Unigram \(m_{cand}^i\hphantom{xi}\) \(m_{ref}^i\hphantom{xxx}\) \(\min(m^i_{cand}, m^i_{ref})\)
the 3 2 2
cat 1 1 1
is 0 1 0
on 0 1 0
mat 1 1 1

The total number of unigrams in the candidate (\(w_t^1\)) is 5, so \(precision_1\) = (2 + 1 + 1)/5 = 0.8.

Calculating the BLEU score

Reference:     The NASA Opportunity rover is battling a massive dust storm on Mars .
Candidate 1: The Opportunity rover is combating a big sandstorm on Mars .
Candidate 2: A NASA rover is fighting a massive storm on Mars .

The above example consists of a single reference and two candidate translations. The sentences are tokenized prior to computing the BLEU score as depicted above; for example, the final period is counted as a separate token.

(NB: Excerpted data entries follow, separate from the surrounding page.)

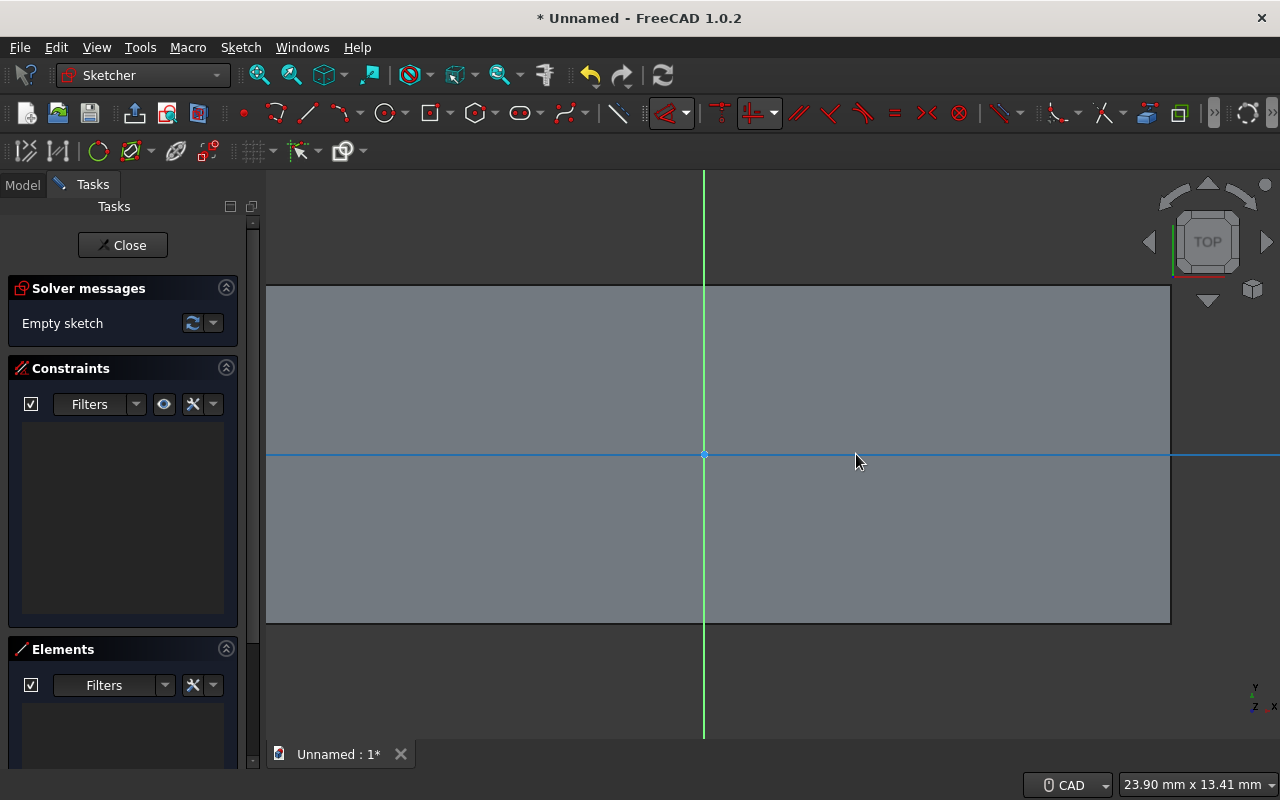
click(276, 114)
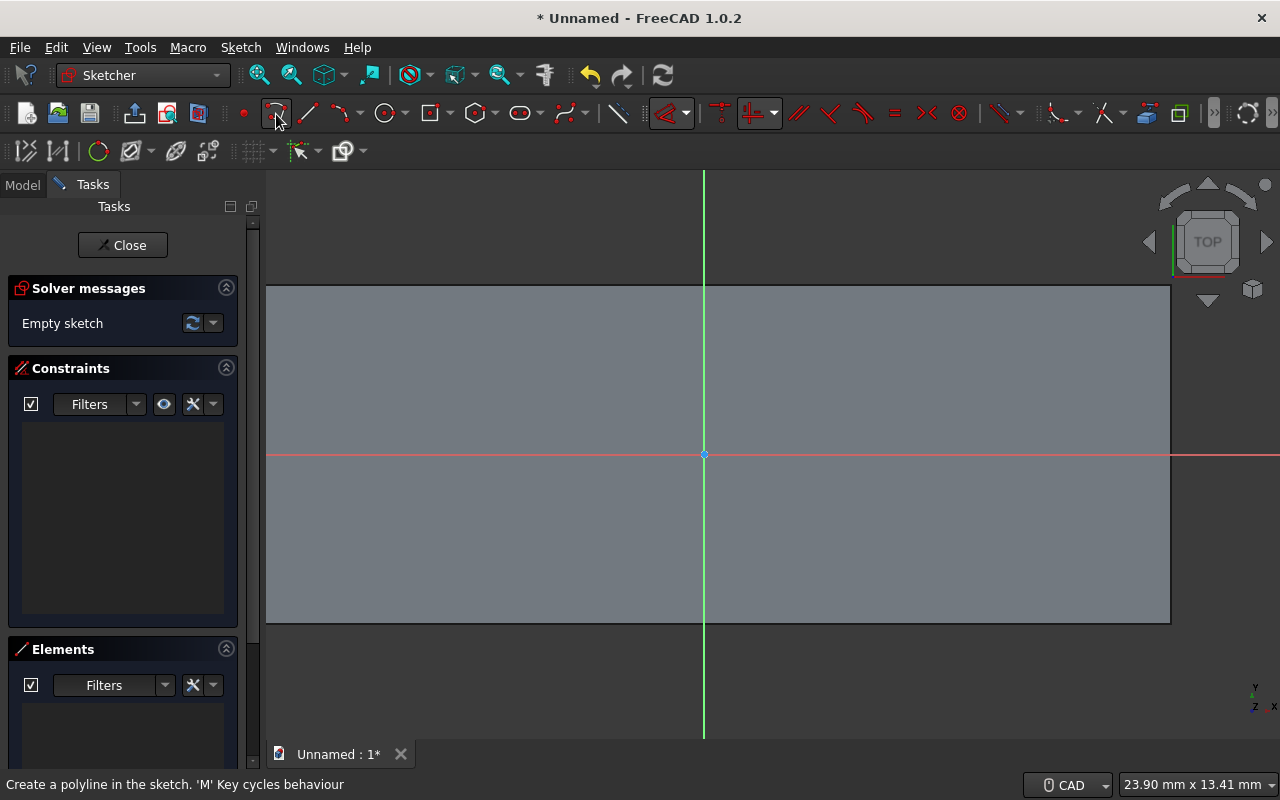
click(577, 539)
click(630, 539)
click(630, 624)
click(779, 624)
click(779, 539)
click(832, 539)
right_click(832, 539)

To compute the BLEU score for each translation, we compute the following statistics.

  • N-Gram Precisions
    The following table contains the n-gram precisions for both candidates.
  • Brevity-Penalty
    The brevity-penalty is the same for candidate 1 and candidate 2 since both sentences consist of 11 tokens.
  • BLEU-Score
    Note that at least one matching 4-gram is required to get a BLEU score > 0. Since candidate translation 1 has no matching 4-gram, it has a BLEU score of 0.
Metric Candidate 1 Candidate 2
\(precision_1\) (1gram) 8/11 9/11
\(precision_2\) (2gram) 4/10 5/10
\(precision_3\) (3gram) 2/9 2/9
\(precision_4\) (4gram) 0/8 1/8
Brevity-Penalty 0.83 0.83
BLEU-Score 0.0 0.27


  • BLEU is a Corpus-based Metric
    The BLEU metric performs badly when used to evaluate individual sentences. For example, both example sentences get very low BLEU scores even though they capture most of the meaning. Because n-gram statistics for individual sentences are less meaningful, BLEU is by design a corpus-based metric; that is, statistics are accumulated over an entire corpus when computing the score. Note that the BLEU metric defined above cannot be factorized for individual sentences.

  • No distinction between content and function words
    The BLEU metric does not distinguish between content and function words, that is, a dropped function word like "a" gets the same penalty as if the name "NASA" were erroneously replaced with "ESA".

  • Not good at capturing meaning and grammaticality of a sentence
    The drop of a single word like "not" can change the polarity of a sentence. Also, taking only n-grams into account with n≤4 ignores long-range dependencies and thus BLEU often imposes only a small penalty for ungrammatical sentences.

  • Normalization and Tokenization
    Prior to computing the BLEU score, both the reference and candidate translations are normalized and tokenized. The choice of normalization and tokenization steps significantly affect the final BLEU score.